▶ **Records shown**
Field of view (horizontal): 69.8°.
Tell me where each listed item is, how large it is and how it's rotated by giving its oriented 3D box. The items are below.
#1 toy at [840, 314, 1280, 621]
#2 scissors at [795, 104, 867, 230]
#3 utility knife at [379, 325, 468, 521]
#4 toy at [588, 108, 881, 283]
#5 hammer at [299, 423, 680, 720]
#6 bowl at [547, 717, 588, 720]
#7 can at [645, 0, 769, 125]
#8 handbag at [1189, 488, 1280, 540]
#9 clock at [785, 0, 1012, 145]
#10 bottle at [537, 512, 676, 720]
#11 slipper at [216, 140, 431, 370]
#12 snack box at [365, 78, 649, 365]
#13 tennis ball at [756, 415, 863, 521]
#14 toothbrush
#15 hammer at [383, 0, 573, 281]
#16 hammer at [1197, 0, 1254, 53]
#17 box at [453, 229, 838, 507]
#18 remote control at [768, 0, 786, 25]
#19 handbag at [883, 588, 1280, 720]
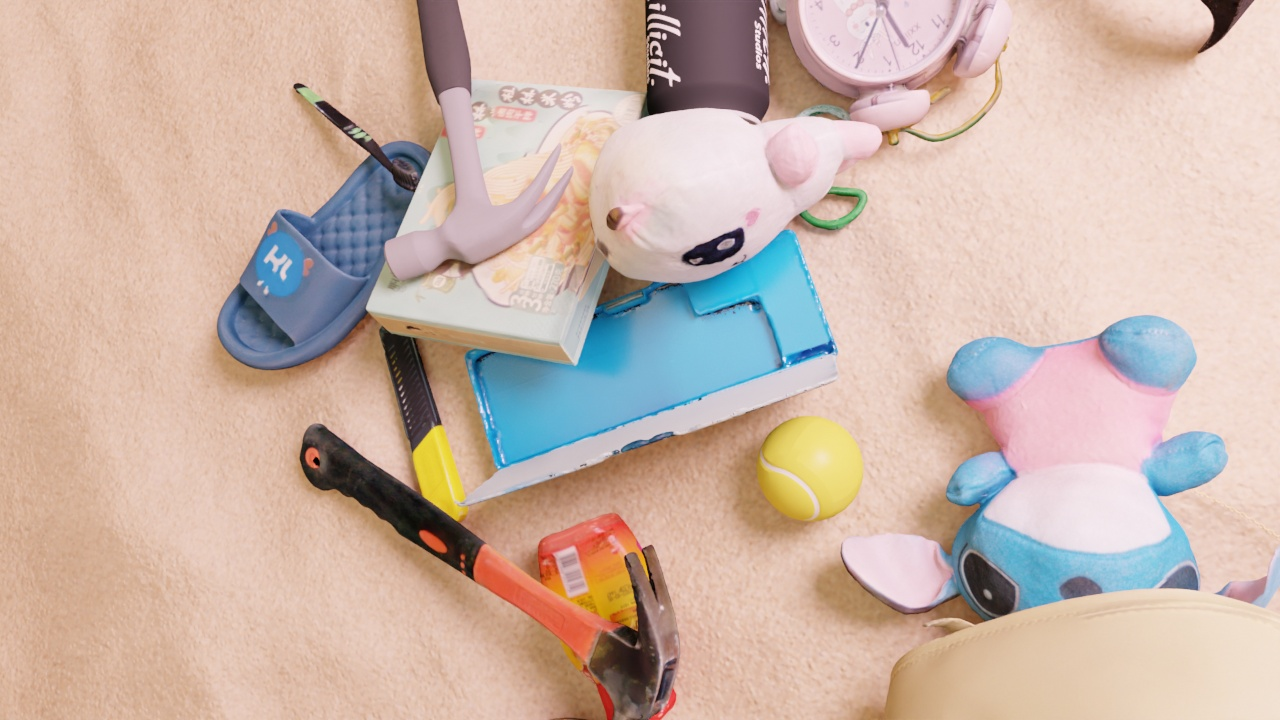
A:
[{"bbox_3d":[0.232,0.075,0.523,0.224,0.098,0.191,-4,79,30],"label":"toy"},{"bbox_3d":[0.091,-0.132,0.622,0.131,0.012,0.112,12,86,18],"label":"scissors"},{"bbox_3d":[-0.162,0.036,0.671,0.029,0.020,0.174,-20,81,11],"label":"utility knife"},{"bbox_3d":[0.055,-0.107,0.553,0.179,0.139,0.101,-16,86,-3],"label":"toy"},{"bbox_3d":[-0.117,0.128,0.612,0.333,0.033,0.133,25,106,28],"label":"hammer"},{"bbox_3d":[-0.069,0.296,0.556,0.160,0.094,0.159,-10,60,18],"label":"bowl"},{"bbox_3d":[0.043,-0.219,0.607,0.080,0.080,0.146,-3,83,15],"label":"can"},{"bbox_3d":[0.338,0.133,0.527,0.178,0.027,0.084,42,98,20],"label":"handbag"},{"bbox_3d":[0.160,-0.209,0.574,0.117,0.058,0.158,-35,95,18],"label":"clock"},{"bbox_3d":[-0.019,0.172,0.603,0.071,0.048,0.134,-23,79,14],"label":"bottle"},{"bbox_3d":[-0.230,-0.077,0.677,0.214,0.059,0.104,-43,68,3],"label":"slipper"},{"bbox_3d":[-0.083,-0.099,0.622,0.141,0.044,0.193,10,69,19],"label":"snack box"},{"bbox_3d":[0.105,0.067,0.571,0.065,0.065,0.065,-2,84,15],"label":"tennis ball"},{"bbox_3d":[-0.215,-0.172,0.684,0.014,0.017,0.188,-31,54,-28],"label":"toothbrush"},{"bbox_3d":[-0.129,-0.201,0.638,0.125,0.029,0.310,-19,62,8],"label":"hammer"},{"bbox_3d":[0.224,-0.298,0.572,0.330,0.120,0.033,41,95,25],"label":"hammer"},{"bbox_3d":[-0.003,0.004,0.582,0.244,0.113,0.114,-20,80,12],"label":"box"},{"bbox_3d":[0.150,-0.263,0.613,0.133,0.022,0.050,-12,81,14],"label":"remote control"},{"bbox_3d":[0.240,0.192,0.464,0.191,0.233,0.088,21,49,-7],"label":"handbag"}]
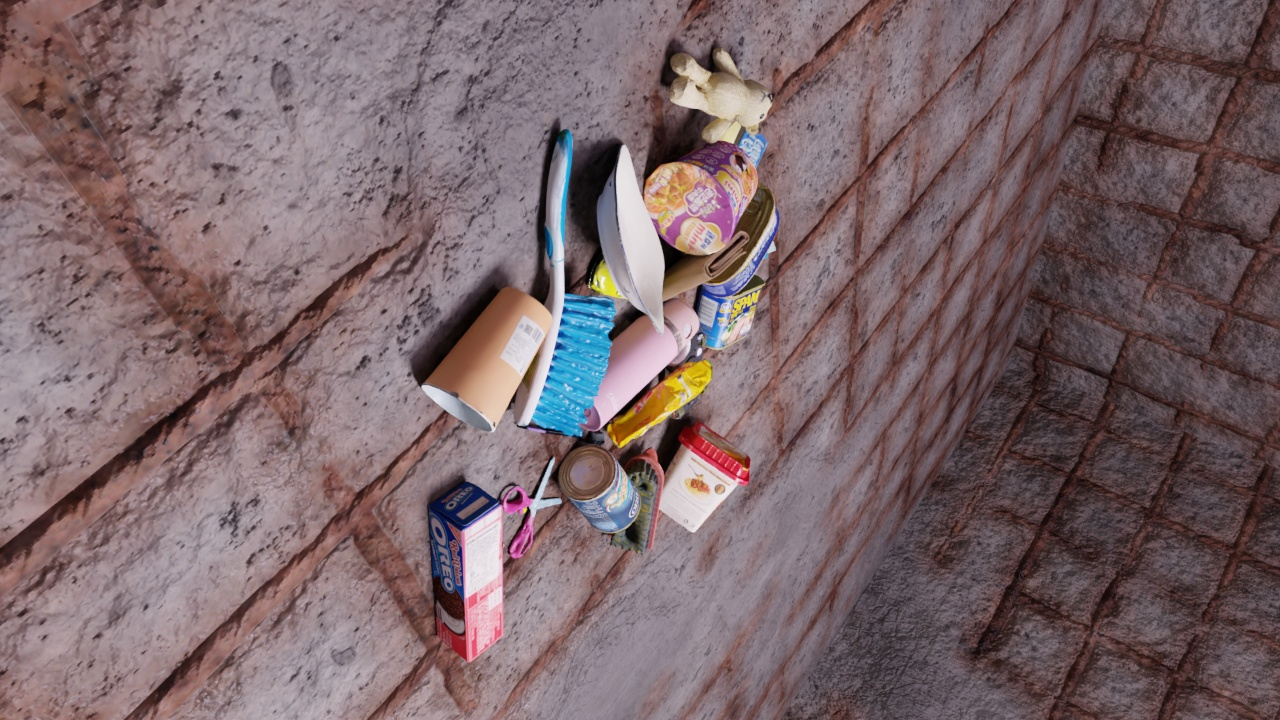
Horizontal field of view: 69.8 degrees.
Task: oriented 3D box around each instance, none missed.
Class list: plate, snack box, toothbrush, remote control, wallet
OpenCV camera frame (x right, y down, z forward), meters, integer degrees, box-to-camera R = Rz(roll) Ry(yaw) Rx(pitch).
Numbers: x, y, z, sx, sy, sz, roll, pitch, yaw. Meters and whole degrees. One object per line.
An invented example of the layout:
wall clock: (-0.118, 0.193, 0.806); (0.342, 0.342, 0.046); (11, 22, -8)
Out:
plate: (-0.011, -0.121, 0.945); (0.163, 0.034, 0.164); (-89, 162, -45)
snack box: (-0.185, 0.228, 0.987); (0.058, 0.057, 0.208); (-31, 138, -42)
toothbrush: (-0.089, 0.084, 1.072); (0.188, 0.014, 0.016); (20, 88, -61)
remote control: (0.113, -0.227, 1.130); (0.049, 0.024, 0.125); (28, 88, -47)
wallet: (0.067, -0.109, 1.076); (0.090, 0.116, 0.033); (-42, 102, -34)

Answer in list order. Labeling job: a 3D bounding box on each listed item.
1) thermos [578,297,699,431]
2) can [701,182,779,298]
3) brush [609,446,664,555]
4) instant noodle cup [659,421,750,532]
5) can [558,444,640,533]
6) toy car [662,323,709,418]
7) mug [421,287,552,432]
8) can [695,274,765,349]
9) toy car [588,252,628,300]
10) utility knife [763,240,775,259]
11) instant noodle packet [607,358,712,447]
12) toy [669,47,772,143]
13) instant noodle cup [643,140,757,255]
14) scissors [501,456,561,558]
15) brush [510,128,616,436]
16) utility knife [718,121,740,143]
thermos: (-0.006, 0.006, 1.085); (0.198, 0.067, 0.087); (-42, 133, -35)
can: (0.123, -0.151, 1.164); (0.148, 0.075, 0.049); (-60, 154, -7)
brush: (-0.002, 0.190, 1.259); (0.069, 0.063, 0.146); (-59, 160, -63)
instant noodle cup: (0.084, 0.169, 1.317); (0.124, 0.116, 0.116); (-56, 176, 10)
can: (-0.050, 0.159, 1.133); (0.075, 0.075, 0.111); (-54, 150, -17)
toy car: (0.057, 0.013, 1.223); (0.070, 0.042, 0.158); (-41, 144, -36)
mug: (-0.137, -0.004, 0.858); (0.122, 0.078, 0.078); (-59, 152, -19)
can: (0.117, -0.070, 1.241); (0.101, 0.057, 0.083); (-26, 136, -49)
toy car: (-0.019, -0.091, 1.024); (0.105, 0.032, 0.048); (8, 107, -59)
utility knife: (0.146, -0.144, 1.266); (0.181, 0.018, 0.034); (-24, 113, -51)
instant noodle packet: (0.024, 0.052, 1.145); (0.129, 0.044, 0.110); (-39, 177, 41)
toy: (0.086, -0.292, 0.996); (0.157, 0.066, 0.105); (2, 89, -48)
instant noodle cup: (0.075, -0.190, 1.027); (0.099, 0.112, 0.112); (-48, 149, -41)
scissors: (-0.129, 0.175, 1.081); (0.133, 0.017, 0.134); (9, 102, -64)
brush: (-0.072, -0.066, 0.920); (0.109, 0.060, 0.315); (9, 111, -25)
utility knife: (0.089, -0.234, 1.094); (0.031, 0.019, 0.183); (23, 98, -33)

▶ **Exercise details**
In the records above, find the line with "Class list: plate, snack"; write out exactly that line and each one after it, stopping after the line with "wall clock: (-0.118, 0.193, 0.806);".

▶ **Response to the task**
Class list: plate, snack box, toothbrush, remote control, wallet
OpenCV camera frame (x right, y down, z forward), meters, integer degrees, box-to-camera R = Rz(roll) Ry(yaw) Rx(pitch).
Numbers: x, y, z, sx, sy, sz, roll, pitch, yaw. Meters and whole degrees. One object per line.
An invented example of the layout:
wall clock: (-0.118, 0.193, 0.806); (0.342, 0.342, 0.046); (11, 22, -8)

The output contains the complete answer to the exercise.